HARRISBURG - A controversial adviser to Welfare Secretary Gary Alexander will step down from his $104,470 position on Tuesday, department officials said.

HARRISBURG - A controversial adviser to Welfare Secretary Gary Alexander will step down from his $104,470 position on Tuesday, department officials said.

Robert W. Patterson, a special assistant to Alexander, submitted his resignation early last week as The Inquirer was preparing to publish a story about his outside role as editor of a conservative, faith-based journal.

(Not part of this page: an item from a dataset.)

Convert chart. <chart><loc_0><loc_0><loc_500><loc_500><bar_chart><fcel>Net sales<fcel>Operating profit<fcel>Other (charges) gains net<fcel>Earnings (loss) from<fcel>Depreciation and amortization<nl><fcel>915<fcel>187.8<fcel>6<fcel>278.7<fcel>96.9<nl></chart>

But department officials acknowledged yesterday that he was still working for the state and would do so for an indefinite period.

They would not elaborate.

Efforts to contact Alexander and Patterson for comment have been unsuccessful.

A department spokeswoman said today that Patterson's last day will be Jan. 31.

In announcing Patterson's exit last week, the Corbett administration distanced itself from views expressed in the journal, which has criticized key welfare programs administered by the Department of Public Welfare and offered opinions that women should be stay-at-home mothers and opposing birth control - as well as musings on how condom use could rob women of reported mood-enhancing benefits of chemicals in semen.

Department officials said Patterson had decided to resign because he had been denied his request to remain the editor of the Family in America journal while working for the state.

Patterson began writing for the publication in 2004 and was named editor in 2009. The journal is published by the Howard Center for Family, Religion and Society in Rockford, Ill., which opposes abortion, divorce, birth control, feminism, and homosexuality, and advocates for a "child-rich, married-parent" family.

In his columns, Patterson presents, summarizes, and opines on research relating to families.

They include entries on how children of single mothers are more likely to be overweight and those of working mothers more likely to be a "couch potato," and how women who take the Pill are less likely to find "Mr. Right."

He also authored a piece advocating scaling back assistance programs such as Medicaid, food stamps, and cash assistance for the poor.

The programs, he argued, are the legacy of President Lyndon B. Johnson's Great Society and War on Poverty - which, Patterson argued, produced "more of a quagmire than Vietnam ever was."